*** Provided records ***

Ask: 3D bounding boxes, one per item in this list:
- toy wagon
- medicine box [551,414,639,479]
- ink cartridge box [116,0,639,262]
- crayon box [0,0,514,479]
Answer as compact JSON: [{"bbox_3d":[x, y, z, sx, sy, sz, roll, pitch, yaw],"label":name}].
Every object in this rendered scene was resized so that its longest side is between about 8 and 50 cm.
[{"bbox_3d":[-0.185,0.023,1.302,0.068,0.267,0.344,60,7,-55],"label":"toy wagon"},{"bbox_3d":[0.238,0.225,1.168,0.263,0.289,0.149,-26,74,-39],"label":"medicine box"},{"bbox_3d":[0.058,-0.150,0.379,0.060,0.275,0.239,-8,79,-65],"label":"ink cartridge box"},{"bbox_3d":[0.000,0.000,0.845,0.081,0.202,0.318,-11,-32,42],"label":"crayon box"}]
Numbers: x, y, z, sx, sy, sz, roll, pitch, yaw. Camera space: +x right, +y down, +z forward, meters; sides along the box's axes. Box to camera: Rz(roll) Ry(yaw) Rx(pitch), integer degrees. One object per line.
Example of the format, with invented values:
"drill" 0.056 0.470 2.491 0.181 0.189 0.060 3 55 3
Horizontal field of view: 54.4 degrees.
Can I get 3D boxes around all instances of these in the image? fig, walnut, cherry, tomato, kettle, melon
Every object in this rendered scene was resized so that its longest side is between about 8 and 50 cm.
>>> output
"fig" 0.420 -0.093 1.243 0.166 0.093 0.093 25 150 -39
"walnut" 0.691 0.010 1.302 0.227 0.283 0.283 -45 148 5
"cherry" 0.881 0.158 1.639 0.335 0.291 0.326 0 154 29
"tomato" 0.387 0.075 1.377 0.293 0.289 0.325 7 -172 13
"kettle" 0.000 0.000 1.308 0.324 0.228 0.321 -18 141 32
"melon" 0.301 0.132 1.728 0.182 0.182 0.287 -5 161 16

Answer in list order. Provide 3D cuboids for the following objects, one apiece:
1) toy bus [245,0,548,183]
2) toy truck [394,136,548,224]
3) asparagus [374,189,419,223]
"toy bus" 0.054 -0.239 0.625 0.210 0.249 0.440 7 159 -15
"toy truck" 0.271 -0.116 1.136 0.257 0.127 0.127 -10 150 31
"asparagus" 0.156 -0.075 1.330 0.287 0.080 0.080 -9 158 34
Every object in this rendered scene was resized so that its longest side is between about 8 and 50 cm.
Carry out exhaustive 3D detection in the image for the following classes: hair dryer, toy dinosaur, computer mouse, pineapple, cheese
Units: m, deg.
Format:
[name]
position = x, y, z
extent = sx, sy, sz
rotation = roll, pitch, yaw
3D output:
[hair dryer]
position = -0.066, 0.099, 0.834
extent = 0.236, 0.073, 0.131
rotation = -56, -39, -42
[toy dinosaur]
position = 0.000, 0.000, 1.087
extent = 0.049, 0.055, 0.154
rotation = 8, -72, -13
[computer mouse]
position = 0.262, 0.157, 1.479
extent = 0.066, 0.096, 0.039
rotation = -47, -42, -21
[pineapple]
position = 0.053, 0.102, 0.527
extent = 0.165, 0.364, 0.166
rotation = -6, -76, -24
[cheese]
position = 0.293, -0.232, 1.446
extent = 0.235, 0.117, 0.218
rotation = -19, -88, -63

*** End of Provided records ***

- **Instructions for the task**:
What are the lines above that hold the string "Answer"? Copy them.

- **Result of this exercise**:
Answer as compact JSON: [{"bbox_3d":[x, y, z, sx, sy, sz, roll, pitch, yaw],"label":name}].
Answer in list order. Provide 3D cuboids for the following objects, one apiece:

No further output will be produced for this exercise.